Ah, that’s more like it.
If cooked tomatoes are going to get all soft and squishy, then let’s put them in a pasta dish where that won’t matter! You expect tomatoes to be soft and warm and squishy in a pasta sauce.
Normally, when I have too many cherry or grape tomatoes and can’t get them all into salads before they go soft, I use them in my Fish & Tomatoes dinner. But it’s nice to have other options, and this Spaghetti with Heirloom Cherry Tomatoes seemed like an easy place to start.

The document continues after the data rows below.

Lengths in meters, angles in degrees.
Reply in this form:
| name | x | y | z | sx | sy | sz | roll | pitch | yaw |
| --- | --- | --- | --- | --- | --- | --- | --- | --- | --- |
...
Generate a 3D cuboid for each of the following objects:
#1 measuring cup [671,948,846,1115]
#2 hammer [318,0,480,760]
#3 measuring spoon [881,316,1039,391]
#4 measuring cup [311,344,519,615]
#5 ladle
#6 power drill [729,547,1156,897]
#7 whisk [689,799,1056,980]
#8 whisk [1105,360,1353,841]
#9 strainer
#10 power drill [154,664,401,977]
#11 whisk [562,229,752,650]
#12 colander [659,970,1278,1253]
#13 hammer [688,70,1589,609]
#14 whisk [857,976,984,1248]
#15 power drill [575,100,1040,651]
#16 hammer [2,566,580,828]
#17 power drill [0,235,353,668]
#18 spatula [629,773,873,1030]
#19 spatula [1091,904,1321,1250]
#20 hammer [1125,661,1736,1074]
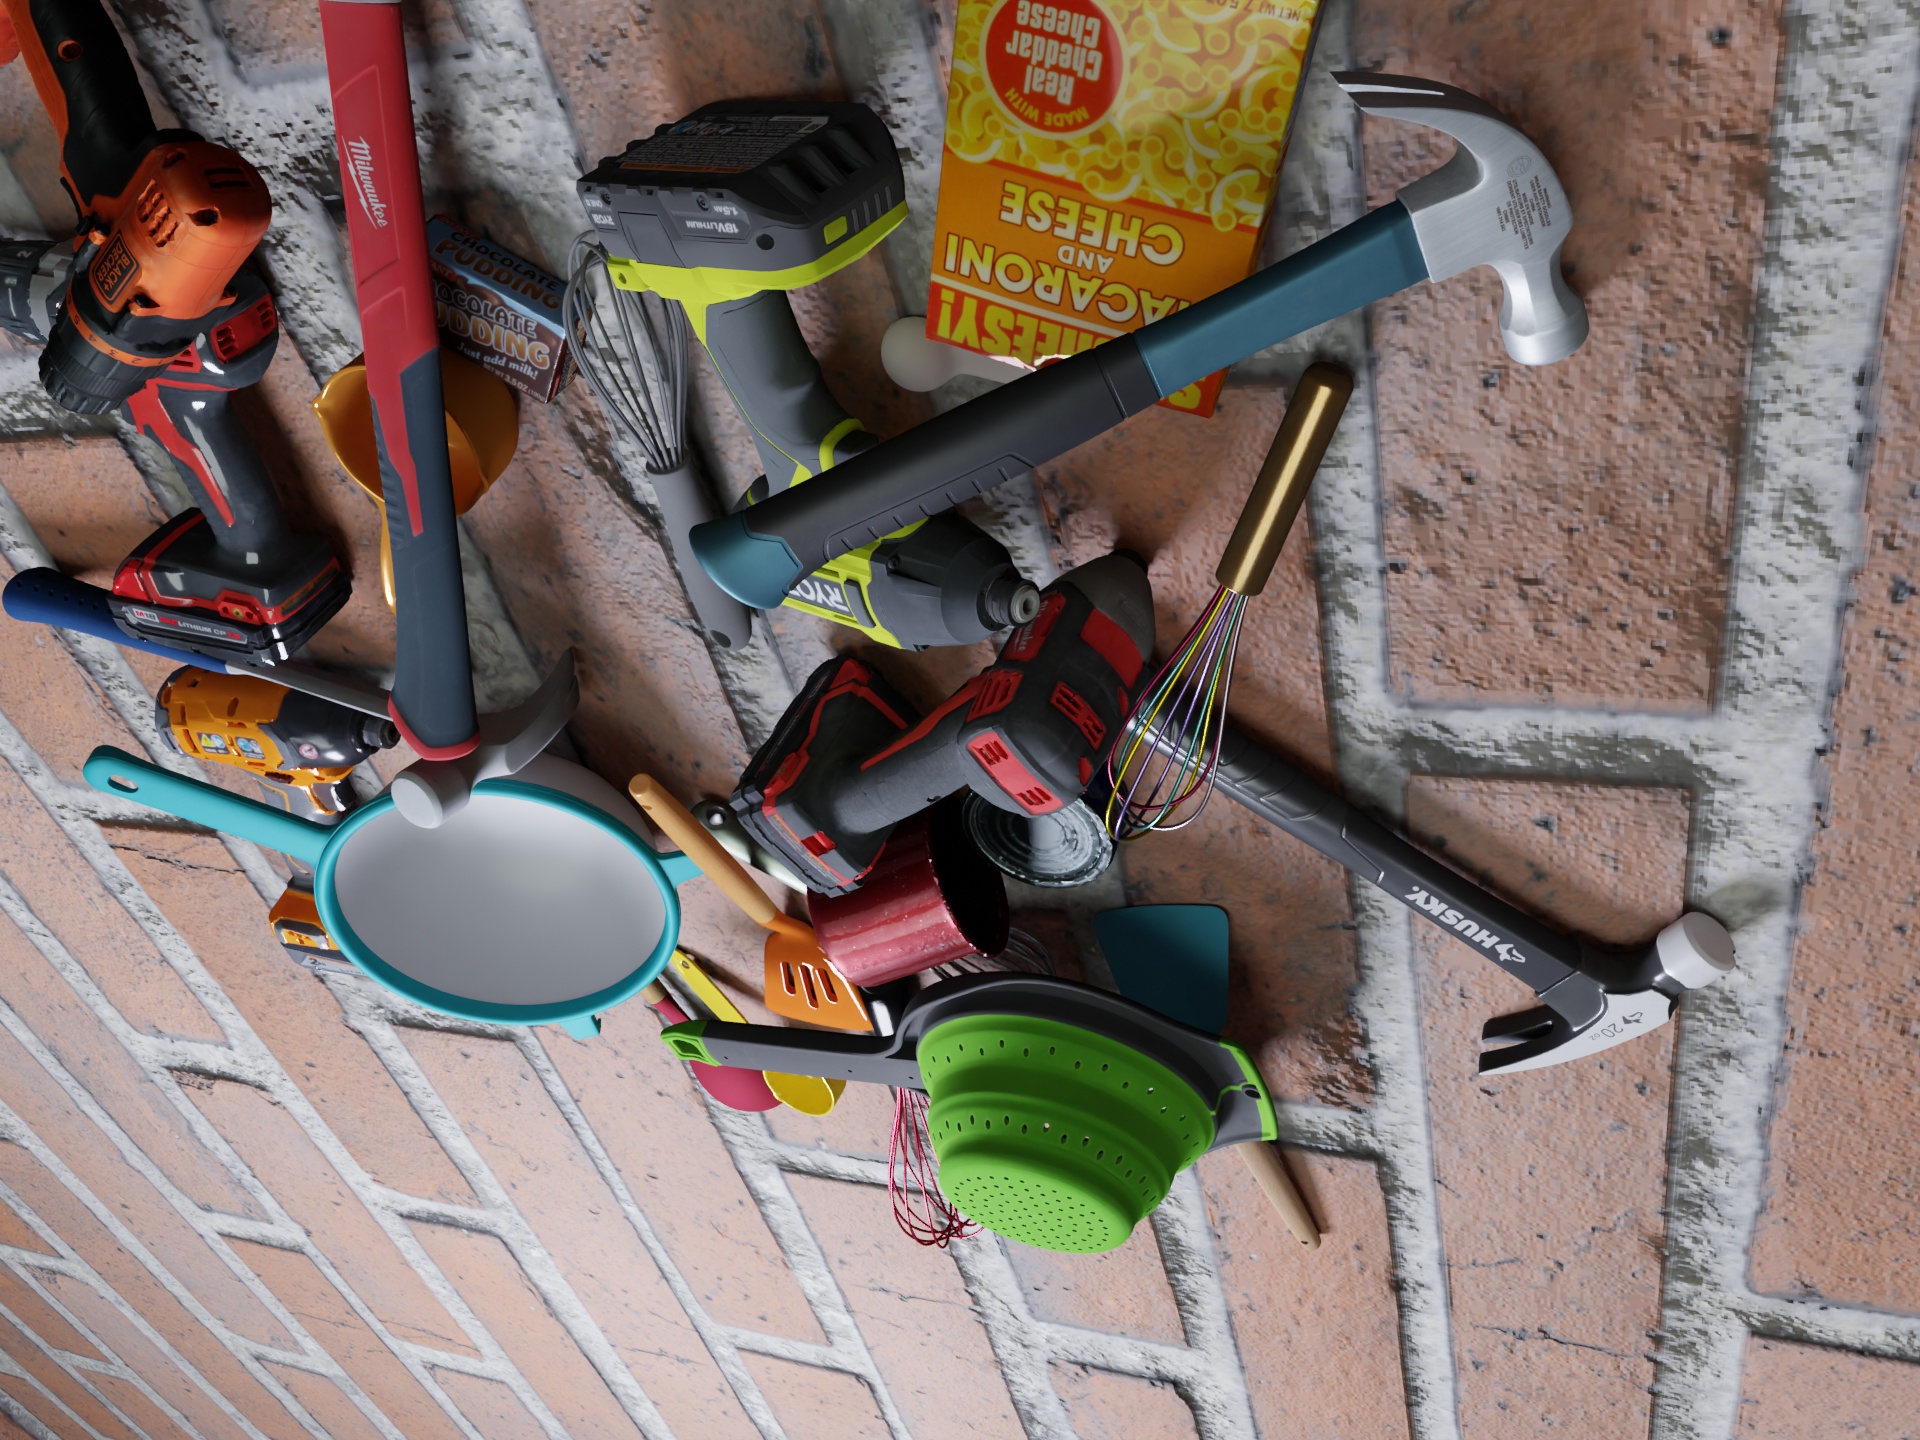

It’s incredibly simple: just tomatoes, oil, and garlic to make the “sauce”, then some fresh mozzarella and basil added after the pasta’s tossed in. Because the sauce is so basic, the quality of the ingredients makes a difference. I used fresh basil leaves from my garden and found some of the good squishy fresh mozzarella at the cheese counter at Wegmans. I didn’t use “heirloom” tomatoes, as the goal was to use up my grape tomatoes that had already started to go soft, but I don’t think that took away from the flavor. Where I compromised was to use a store brand box of fettuccine. Oh, it was still a tasty dinner. But I think if I’d splurged on some fancier pasta, or gone all-out and made my own fresh pasta, it would have taken it to a whole other delicious level.
Yay, an excuse to try making fresh pasta again! I’ll just need a free weekend, because that’s a big project!